VMware vSphere Kubernetes Service

Issue/Introduction

  • Intermittent 503 timeouts are observed when connecting to a healthy upstream service on a VKS cluster.
  • Grafana dashboards show that an application is sending 503 responses.
  • The vpxd logs indicate MAC address registrations for an IP that overlaps with a TKG worker node:
    YYYY-MM-DDT10:34:20.996+##:## verbose vpxd[#73##1] [Originator@6876 sub=InvtId opID=DbParallelLoad-#######] Register (<mac address>, vm-####): newId:true
    YYYY-MM-DDT10:34:20.996+##:## verbose vpxd[#73##1] [Originator@6876 sub=InvtId opID=DbParallelLoad-#######] Register (<mac address>, vm-####): newId:true
    YYYY-MM-DDT10:34:20.996+##:## verbose vpxd[#73##1] [Originator@6876 sub=InvtId opID=DbParallelLoad-#######] Register (<mac address>, vm-####): newId:true
    YYYY-MM-DDT10:34:20.996+##:## verbose vpxd[#73##1] [Originator@6876 sub=InvtId opID=DbParallelLoad-#######] Register (<mac address>, vm-####): newId:true
    YYYY-MM-DDT10:34:20.996+##:## verbose vpxd[#73##1] [Originator@6876 sub=InvtId opID=DbParallelLoad-#######] Register (VM-Name-01:<IP Address 1 >, vm-####): newId:true
    YYYY-MM-DDT10:34:20.996+##:## verbose vpxd[#73##1] [Originator@6876 sub=InvtId opID=DbParallelLoad-#######] Register (VM-Name-02:<IP Address 2 > , vm-####): newId:true
    YYYY-MM-DDT10:34:20.996+##:## verbose vpxd[#73##1] [Originator@6876 sub=InvtId opID=DbParallelLoad-#######] Register (VM-Name -03:<IP Address 3 >, vm-####): newId:true
  • The envoy logs show entries suggesting the errors are being obtained from the backend service: 
    kubectl logs envoy-#### -n tanzu-system-ingress -c envoy | grep -i "503 "
    YYYY-MM-DDTHH:17:22.1832]"GET /api/.../... HTTP/2" 503 UF 0 91 2000 - "<Client IP>" "curl/7.76.1" "###-2431-4c17-96b1-###" "service-name . domain-name .com" "<Backend IP>: <PORT>"
    YYYY-MM-DDTHH:30:11.2252]"GET /api/.../... HTTP/2" 503 UF 0 91 2000 - "<Client IP>" "curl/7.76.1" "###-db09-4f37-abf8-###" "service-name.domain-name.com" "<Backend IP>: <PORT>"
    YYYY-MM-DDTHH4: 30:15.0222]"GET /api/.../... HTTP/2" 503 UF 0 91 2000 - "<Client IP>" "curl/7.76.1" "###-9308-4462-ae93-###" "service-name. domain-name.com" "<Backend IP >: <PORT>"

Environment

VMware vSphere Kubernetes Service
Contour with Envoy Tanzu Package 

Cause

This misconfiguration occurs when the vDS network configured as the Supervisor Workload Network is utilized for non-supervisor managed VMs.
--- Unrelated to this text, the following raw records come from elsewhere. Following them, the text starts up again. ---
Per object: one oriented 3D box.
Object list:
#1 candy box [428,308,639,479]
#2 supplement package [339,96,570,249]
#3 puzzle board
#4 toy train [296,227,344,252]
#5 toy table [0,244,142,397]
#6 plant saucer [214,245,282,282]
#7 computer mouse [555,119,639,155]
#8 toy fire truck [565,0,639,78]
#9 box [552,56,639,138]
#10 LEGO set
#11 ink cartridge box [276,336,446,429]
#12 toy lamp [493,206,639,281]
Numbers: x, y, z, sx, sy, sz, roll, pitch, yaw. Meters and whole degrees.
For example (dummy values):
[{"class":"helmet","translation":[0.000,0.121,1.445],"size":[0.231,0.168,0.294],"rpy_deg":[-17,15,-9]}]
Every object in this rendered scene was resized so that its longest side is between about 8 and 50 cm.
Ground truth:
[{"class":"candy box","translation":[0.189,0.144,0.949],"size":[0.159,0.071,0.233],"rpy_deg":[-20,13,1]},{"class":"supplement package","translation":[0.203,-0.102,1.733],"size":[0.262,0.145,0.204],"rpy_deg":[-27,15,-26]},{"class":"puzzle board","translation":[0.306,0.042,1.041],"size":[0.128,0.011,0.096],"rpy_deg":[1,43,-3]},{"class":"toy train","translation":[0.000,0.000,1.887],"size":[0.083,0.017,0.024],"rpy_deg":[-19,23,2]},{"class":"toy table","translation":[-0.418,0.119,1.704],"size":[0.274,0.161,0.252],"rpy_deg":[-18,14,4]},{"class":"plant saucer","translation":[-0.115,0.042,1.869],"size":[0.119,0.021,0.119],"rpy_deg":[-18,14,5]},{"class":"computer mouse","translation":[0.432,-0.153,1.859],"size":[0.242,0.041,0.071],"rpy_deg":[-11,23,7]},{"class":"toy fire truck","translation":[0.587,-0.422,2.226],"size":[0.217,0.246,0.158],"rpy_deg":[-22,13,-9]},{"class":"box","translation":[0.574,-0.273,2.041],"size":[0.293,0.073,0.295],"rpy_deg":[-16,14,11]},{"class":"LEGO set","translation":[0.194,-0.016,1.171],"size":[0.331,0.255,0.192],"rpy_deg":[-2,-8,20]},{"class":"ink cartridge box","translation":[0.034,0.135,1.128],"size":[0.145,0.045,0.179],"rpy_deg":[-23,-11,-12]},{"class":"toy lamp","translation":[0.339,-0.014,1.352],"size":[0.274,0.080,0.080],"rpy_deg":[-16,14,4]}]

A non-supervisor managed VM  shares an IP address with a TKG worker node on the same VLAN.
This duplicate IP assignment causes the non-supervisor VM to respond to ARP queries for the worker node, resulting in tunneled Antrea overlay traffic intended for the TKG worker node being misrouted to the incorrect interface.

Resolution

 

  • Identify the non-supervisor managed VM responding to ARP requests for the TKG worker node IP on the Supervisor Workload Network.

  • Remove the Network Interface Card (NIC) from the VM containing the conflicting IP address.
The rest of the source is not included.